APIEval-20 is a functional testing benchmark. Every scenario, every planted bug, and every scoring dimension is scoped to functional correctness — how well an agent validates that an API behaves as intended given valid and invalid inputs. Security vulnerabilities, authentication bypasses, injection attacks, and authorization failures are explicitly out of scope here.

This is the first entry in what we plan to be a growing family of API testing benchmarks, each targeting a distinct testing discipline. Coming soon:

APIEval-Security

A dedicated benchmark for API security testing. Built on the same black-box setup, it evaluates whether an agent can identify authentication weaknesses, authorization flaws, injection vulnerabilities, and other OWASP API Security Top 10 categories from schema and payload alone.

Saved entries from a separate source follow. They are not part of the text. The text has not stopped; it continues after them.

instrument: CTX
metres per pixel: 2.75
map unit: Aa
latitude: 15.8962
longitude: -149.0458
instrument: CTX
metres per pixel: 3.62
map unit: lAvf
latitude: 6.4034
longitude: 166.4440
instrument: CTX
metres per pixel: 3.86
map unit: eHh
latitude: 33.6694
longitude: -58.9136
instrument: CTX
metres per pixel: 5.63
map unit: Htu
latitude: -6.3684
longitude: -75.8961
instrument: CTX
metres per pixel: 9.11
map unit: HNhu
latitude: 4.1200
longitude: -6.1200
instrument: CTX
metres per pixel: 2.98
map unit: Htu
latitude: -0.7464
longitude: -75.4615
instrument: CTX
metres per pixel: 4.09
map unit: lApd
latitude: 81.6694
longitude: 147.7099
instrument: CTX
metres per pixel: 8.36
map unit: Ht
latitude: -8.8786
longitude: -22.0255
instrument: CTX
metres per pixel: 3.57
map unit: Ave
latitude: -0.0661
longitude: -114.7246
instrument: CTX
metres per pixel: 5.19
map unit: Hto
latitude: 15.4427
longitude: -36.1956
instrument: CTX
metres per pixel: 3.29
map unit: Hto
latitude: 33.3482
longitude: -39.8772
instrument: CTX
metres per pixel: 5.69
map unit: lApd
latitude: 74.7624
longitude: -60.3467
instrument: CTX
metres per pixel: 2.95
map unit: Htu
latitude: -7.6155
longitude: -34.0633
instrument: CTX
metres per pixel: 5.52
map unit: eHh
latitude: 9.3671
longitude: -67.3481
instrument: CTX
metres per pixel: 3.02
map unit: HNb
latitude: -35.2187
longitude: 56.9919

Agent Benchmark: Coding & Testing Agents

A comprehensive head-to-head comparison of all major coding and testing agents — including Cursor, GitHub Copilot, Devin, and KushoAI — evaluated on the APIEval-20 scenario set. The goal is to give teams a clear, data-driven picture of where each agent stands in the API testing space specifically, not just general coding tasks.

APIEval-50

A larger scenario set covering 50 APIs with an expanded bug taxonomy, including concurrency bugs, state-dependent failures, and multi-step workflow errors.

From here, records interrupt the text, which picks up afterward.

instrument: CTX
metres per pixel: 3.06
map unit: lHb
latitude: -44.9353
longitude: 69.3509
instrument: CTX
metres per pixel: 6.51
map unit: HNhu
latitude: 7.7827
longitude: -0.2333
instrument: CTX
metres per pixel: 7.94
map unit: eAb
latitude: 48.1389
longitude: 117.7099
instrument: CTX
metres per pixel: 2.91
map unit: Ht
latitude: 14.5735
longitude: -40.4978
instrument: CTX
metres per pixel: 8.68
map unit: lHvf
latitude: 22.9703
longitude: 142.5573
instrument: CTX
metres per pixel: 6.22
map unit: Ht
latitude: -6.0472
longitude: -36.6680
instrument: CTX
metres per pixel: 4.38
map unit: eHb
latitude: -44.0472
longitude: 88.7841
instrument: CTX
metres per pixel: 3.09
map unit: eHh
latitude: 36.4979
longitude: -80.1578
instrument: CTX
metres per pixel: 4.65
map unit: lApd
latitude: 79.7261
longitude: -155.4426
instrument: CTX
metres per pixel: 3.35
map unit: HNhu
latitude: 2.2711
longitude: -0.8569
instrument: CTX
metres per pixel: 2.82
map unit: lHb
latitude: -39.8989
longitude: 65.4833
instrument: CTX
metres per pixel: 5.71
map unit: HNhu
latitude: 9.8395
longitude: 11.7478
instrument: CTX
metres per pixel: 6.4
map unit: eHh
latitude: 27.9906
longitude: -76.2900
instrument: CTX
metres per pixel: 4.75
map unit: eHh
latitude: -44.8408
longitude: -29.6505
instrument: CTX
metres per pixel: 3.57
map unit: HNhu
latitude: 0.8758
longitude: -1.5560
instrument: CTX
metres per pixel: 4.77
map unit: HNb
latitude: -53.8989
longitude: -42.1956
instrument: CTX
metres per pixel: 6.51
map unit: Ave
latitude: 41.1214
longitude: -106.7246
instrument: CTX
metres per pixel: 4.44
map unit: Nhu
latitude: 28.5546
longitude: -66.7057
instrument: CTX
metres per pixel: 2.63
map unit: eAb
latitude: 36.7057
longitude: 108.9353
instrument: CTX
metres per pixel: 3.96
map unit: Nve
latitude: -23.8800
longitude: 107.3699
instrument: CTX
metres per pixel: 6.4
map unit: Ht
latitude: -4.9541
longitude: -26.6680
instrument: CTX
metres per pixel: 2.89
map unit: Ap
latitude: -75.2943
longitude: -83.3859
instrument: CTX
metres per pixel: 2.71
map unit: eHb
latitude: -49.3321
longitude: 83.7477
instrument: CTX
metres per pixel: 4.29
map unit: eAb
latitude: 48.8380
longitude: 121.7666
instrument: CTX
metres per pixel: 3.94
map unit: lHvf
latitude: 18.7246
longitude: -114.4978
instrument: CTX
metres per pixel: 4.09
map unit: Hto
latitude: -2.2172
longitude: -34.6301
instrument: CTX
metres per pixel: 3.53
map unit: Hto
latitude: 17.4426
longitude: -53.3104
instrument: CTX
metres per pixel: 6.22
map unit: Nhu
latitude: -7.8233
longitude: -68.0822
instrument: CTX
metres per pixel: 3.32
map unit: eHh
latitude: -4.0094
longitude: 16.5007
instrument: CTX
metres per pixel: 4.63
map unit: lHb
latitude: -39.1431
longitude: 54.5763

APIEval-20 is an open benchmark created by KushoAI to evaluate AI agent capability on black-box API test suite generation. All reference implementations are hosted and maintained by KushoAI. Evaluation is run through the hosted harness to prevent contamination.

The benchmark is versioned. Scores reported against APIEval-20 v1.0 are not directly comparable to future versions without explicit cross-version normalisation.